-- Dataset content follows --

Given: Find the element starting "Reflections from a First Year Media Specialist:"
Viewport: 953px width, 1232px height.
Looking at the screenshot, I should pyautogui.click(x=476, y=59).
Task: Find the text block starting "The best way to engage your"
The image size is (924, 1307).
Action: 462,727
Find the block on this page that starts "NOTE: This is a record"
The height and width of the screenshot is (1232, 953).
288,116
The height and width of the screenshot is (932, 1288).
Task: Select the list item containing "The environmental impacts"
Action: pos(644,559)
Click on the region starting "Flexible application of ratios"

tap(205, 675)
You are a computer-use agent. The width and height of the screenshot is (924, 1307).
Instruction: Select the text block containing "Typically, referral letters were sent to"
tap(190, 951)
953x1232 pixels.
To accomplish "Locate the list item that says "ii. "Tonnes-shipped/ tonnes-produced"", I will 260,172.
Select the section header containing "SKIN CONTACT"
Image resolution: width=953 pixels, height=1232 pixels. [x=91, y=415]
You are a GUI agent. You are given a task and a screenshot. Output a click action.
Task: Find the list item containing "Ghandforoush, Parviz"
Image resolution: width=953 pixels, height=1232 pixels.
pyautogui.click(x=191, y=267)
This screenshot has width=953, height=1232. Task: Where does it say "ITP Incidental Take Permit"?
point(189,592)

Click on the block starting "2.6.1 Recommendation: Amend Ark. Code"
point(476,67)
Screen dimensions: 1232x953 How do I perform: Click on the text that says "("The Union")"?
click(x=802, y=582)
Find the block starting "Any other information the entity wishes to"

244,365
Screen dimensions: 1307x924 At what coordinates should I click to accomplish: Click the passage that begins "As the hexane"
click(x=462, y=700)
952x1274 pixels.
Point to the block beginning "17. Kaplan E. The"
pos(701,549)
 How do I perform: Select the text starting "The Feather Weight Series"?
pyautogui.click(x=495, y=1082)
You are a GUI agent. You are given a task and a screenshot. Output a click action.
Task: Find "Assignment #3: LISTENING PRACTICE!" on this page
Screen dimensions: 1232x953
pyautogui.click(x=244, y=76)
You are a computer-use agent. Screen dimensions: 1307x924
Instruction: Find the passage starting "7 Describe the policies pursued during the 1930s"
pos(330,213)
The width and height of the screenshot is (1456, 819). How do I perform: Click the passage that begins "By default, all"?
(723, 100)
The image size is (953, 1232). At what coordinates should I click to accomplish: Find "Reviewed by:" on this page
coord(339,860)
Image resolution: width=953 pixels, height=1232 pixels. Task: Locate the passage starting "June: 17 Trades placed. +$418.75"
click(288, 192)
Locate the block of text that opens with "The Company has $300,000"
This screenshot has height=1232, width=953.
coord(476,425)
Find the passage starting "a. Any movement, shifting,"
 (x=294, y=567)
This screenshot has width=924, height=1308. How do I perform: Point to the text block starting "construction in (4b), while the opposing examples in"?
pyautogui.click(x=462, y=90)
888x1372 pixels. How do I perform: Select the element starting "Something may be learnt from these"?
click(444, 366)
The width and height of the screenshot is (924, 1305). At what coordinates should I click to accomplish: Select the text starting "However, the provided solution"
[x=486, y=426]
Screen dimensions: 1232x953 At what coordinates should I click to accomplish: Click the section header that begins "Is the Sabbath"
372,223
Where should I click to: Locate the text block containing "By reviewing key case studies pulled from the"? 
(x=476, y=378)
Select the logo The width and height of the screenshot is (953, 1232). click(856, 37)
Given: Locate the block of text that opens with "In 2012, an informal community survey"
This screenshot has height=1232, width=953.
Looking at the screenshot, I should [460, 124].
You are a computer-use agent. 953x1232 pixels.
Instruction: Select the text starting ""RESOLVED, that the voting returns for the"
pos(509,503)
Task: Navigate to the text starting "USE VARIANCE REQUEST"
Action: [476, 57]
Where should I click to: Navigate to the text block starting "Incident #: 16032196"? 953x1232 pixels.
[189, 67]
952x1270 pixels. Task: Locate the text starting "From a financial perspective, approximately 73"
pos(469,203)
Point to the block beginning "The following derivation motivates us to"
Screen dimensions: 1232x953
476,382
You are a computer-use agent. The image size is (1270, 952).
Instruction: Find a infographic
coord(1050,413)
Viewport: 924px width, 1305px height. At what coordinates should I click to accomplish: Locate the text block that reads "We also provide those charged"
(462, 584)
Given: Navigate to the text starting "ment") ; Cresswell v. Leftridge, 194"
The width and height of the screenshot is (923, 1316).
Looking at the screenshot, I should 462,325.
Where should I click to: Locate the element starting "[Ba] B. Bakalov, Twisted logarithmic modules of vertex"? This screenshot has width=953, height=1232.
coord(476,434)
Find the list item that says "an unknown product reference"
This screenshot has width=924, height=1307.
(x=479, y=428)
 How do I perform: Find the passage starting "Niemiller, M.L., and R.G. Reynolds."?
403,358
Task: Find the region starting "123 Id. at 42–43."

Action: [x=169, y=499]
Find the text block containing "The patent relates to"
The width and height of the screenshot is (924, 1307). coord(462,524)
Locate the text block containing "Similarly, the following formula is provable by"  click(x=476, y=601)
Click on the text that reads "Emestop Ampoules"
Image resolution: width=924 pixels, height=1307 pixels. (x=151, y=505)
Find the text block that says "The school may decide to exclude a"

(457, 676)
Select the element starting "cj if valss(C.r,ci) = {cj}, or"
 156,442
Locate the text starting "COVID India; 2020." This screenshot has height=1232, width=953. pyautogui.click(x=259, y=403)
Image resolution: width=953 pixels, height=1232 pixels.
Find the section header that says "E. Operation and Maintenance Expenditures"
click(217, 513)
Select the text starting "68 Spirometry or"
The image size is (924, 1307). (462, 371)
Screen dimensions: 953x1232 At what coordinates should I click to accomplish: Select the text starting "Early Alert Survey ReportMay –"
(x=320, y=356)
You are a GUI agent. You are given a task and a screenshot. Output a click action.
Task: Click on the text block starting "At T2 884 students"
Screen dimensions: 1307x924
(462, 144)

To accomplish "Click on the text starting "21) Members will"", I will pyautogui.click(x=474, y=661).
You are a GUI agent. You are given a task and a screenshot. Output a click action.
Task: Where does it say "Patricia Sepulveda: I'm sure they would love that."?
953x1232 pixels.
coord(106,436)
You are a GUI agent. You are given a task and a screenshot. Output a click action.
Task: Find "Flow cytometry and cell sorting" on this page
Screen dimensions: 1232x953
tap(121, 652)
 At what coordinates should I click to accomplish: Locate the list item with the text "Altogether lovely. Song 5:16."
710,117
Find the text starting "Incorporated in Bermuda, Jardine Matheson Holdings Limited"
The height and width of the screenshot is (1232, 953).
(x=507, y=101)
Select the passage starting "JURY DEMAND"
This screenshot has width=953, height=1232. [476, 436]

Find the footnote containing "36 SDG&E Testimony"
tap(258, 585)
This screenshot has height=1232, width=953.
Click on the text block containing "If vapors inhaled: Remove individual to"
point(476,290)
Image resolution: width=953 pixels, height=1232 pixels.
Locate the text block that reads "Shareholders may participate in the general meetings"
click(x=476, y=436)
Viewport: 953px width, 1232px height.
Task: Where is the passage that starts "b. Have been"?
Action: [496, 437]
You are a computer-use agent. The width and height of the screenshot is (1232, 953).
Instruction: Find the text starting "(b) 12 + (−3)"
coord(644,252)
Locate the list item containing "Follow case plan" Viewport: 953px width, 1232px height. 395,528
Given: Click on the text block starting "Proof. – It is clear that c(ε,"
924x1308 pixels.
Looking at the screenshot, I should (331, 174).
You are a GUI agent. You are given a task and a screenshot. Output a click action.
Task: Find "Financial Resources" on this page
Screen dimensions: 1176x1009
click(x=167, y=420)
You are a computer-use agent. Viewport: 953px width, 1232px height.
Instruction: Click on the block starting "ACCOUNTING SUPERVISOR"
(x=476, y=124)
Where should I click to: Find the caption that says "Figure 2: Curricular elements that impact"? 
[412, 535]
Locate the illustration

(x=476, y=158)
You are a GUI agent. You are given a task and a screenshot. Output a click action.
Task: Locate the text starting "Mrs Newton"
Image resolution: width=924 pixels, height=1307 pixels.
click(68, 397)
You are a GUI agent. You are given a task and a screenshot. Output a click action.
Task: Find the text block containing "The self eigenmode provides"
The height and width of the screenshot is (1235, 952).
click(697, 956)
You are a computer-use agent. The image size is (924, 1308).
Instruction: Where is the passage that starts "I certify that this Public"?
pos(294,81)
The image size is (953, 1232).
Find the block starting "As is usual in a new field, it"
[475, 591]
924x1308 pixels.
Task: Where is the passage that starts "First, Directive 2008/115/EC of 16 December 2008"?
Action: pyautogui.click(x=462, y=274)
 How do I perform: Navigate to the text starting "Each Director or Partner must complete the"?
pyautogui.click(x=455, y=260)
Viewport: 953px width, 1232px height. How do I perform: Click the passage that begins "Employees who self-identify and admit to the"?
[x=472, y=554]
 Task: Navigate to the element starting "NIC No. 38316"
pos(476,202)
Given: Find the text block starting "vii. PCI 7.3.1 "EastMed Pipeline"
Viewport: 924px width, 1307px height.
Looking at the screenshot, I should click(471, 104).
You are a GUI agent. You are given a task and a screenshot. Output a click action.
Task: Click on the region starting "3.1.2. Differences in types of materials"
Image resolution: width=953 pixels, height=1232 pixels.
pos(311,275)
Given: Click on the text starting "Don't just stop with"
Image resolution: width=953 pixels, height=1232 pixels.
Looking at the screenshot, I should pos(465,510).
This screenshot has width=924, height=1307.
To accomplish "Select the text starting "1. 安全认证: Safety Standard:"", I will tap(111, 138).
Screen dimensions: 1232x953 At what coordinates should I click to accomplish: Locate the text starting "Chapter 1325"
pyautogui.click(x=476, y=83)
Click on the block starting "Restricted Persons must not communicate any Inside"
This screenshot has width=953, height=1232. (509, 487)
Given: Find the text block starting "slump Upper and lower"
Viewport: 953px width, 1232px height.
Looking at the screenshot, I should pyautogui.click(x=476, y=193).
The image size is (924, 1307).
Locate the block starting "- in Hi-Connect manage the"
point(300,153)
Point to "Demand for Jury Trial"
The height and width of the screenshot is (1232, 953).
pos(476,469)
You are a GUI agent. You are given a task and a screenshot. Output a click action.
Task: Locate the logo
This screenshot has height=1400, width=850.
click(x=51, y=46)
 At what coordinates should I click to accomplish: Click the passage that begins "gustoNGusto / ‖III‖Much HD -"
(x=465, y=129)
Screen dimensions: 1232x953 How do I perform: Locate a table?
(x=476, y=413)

-- Dataset content concluded --

#### [The problem]
Reply with a number alone, the number of lines of the records that hold the word "following".

#### [Task solution]
2